#### [Problem requirements]
Locate the string "Pick" in the records below. Copy every line where it occurs.

#### [Given data]
**********

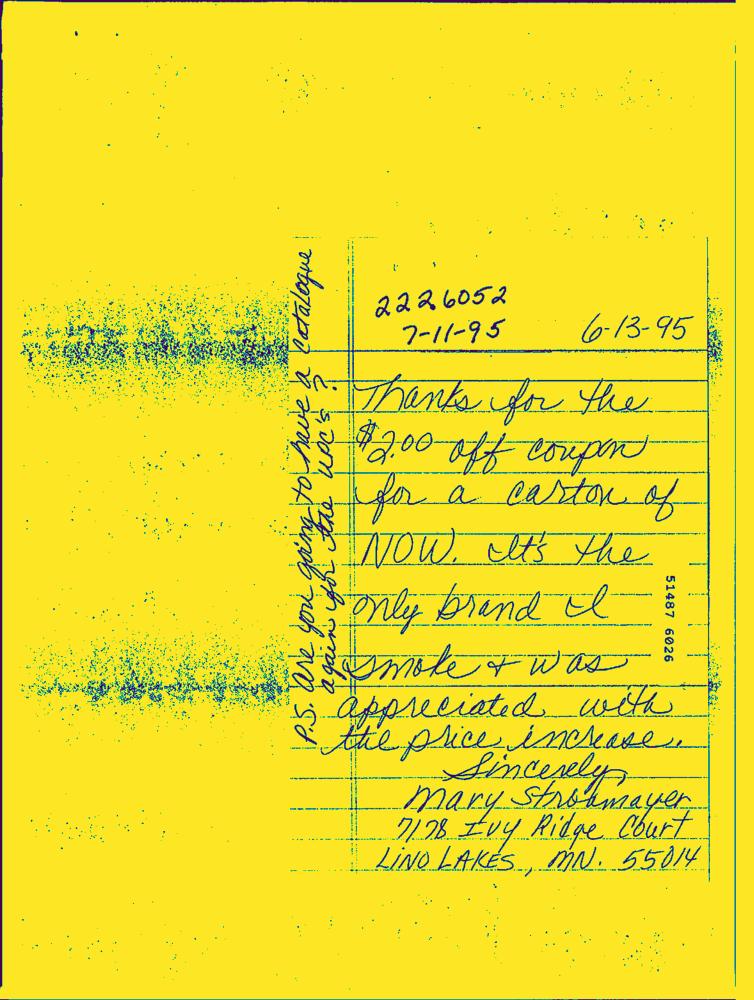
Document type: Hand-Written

**********

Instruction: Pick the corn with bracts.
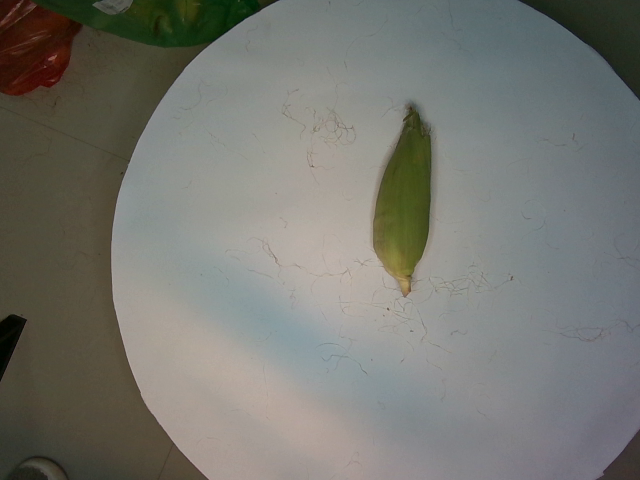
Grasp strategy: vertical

**********

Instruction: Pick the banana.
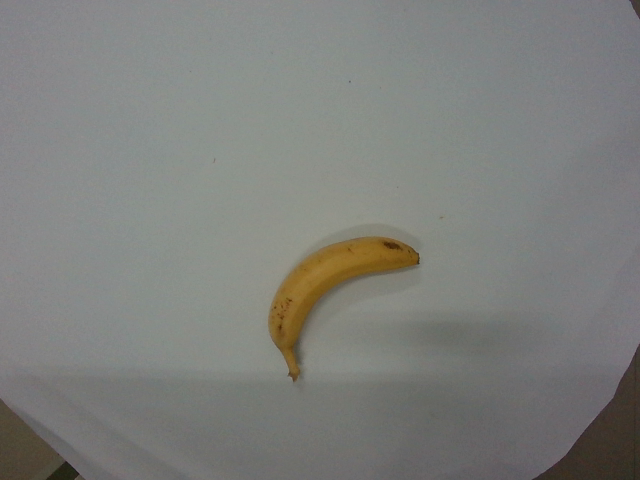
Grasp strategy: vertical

**********

#### [Completed task]
Instruction: Pick the corn with bracts.
Instruction: Pick the banana.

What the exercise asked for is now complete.